As part of Metropolitan Life Insurance Company's demutualization and initial public offering in April 2000, the newly formed public holding company, MetLife, Inc. (NYSE: MET) issued shares of common stock to certain existing Metropolitan Life policyholders. Any cash and common stock not claimed by shareholders become property of the state of last known residence, as is the case with other types of unclaimed property. The schedule by which unclaimed property is escheated varies by state, but is generally within three to five years of abandonment.

Since the initial public offering, the company has escheated unclaimed cash and approximately ten million shares of common stock to eight states. The remaining unclaimed cash and up to a currently estimated 50 million shares of common stock is expected to be escheated by the end of 2006, with approximately 35% of that amount in the remainder of 2003.

The majority of the states that have received shares through abandonment have liquidated the shares in an orderly fashion. Such activity assures an efficient execution of the trades. To date, only one state with a significant holding of escheated shares has sold those shares in one day, contributing to the unusual trading activity in the company's stock on July 30. Such disposition activity may cause similar short-term trading volatility in the company's stock in the future.

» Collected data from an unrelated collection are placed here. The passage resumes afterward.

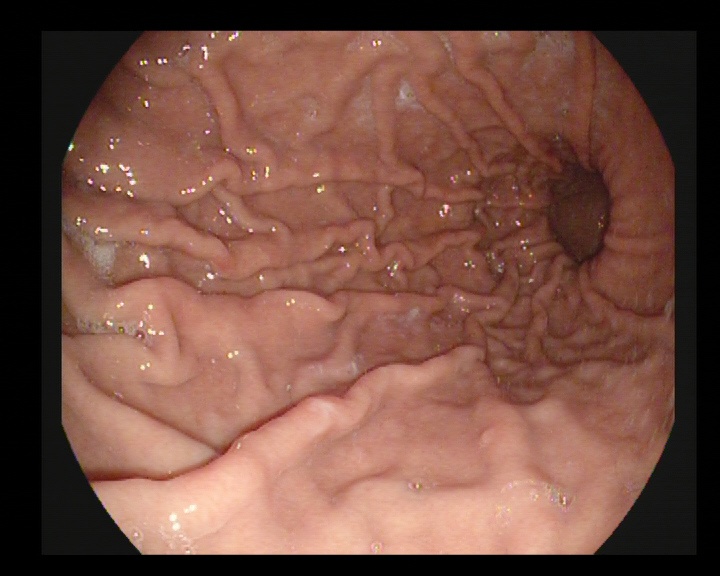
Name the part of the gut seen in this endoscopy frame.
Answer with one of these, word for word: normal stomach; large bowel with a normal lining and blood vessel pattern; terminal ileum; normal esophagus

normal stomach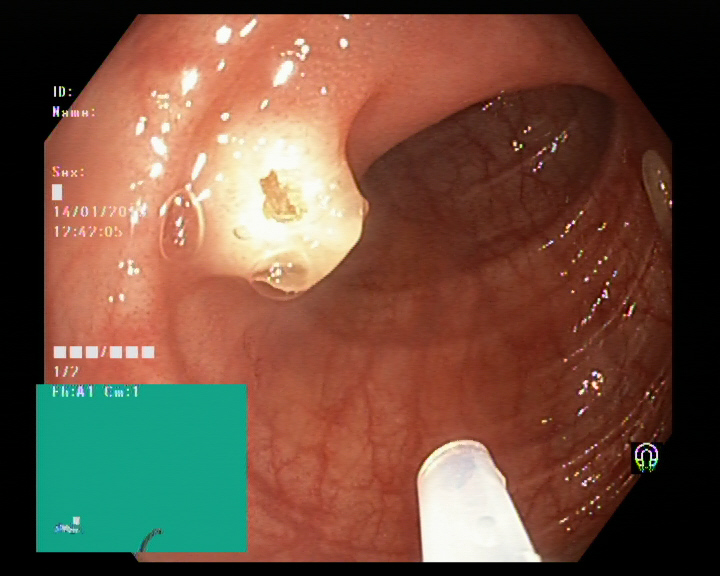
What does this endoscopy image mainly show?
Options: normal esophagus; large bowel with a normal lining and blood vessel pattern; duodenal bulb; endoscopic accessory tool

endoscopic accessory tool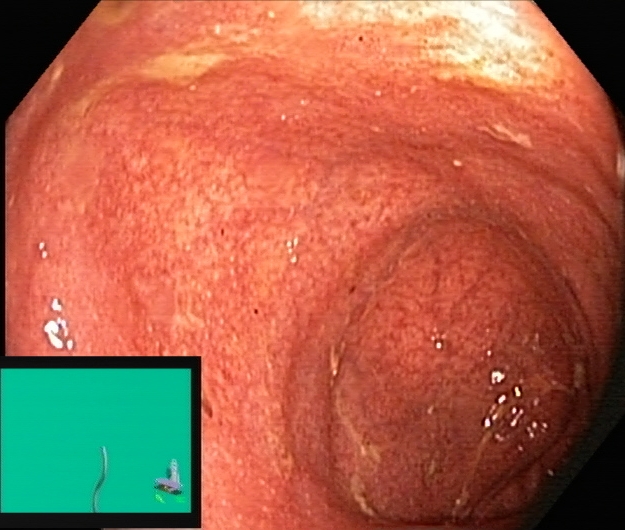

MetLife, Inc., through its subsidiaries and affiliates, is a leading provider of insurance and other financial services to individual and institutional customers. The MetLife companies serve approximately 12 million individuals in the U.S. and provide benefits to 37 million employees and family members through their plan sponsors. Outside the U.S., the MetLife companies have insurance operations in 12 countries serving approximately 8 million customers.

This release contains statements which constitute forward-looking statements within the meaning of the Private Securities Litigation Reform Act of 1995, including statements relating to trends in the company's operations and financial results and the business and the products of the company and its subsidiaries, as well as other statements including words such as "anticipate," "believe," "plan," "estimate," "expect," "intend" and other similar expressions. Forward-looking statements are made based upon management's current expectations and beliefs concerning future developments and their potential effects on the company. Such forward-looking statements are not guarantees of future performance.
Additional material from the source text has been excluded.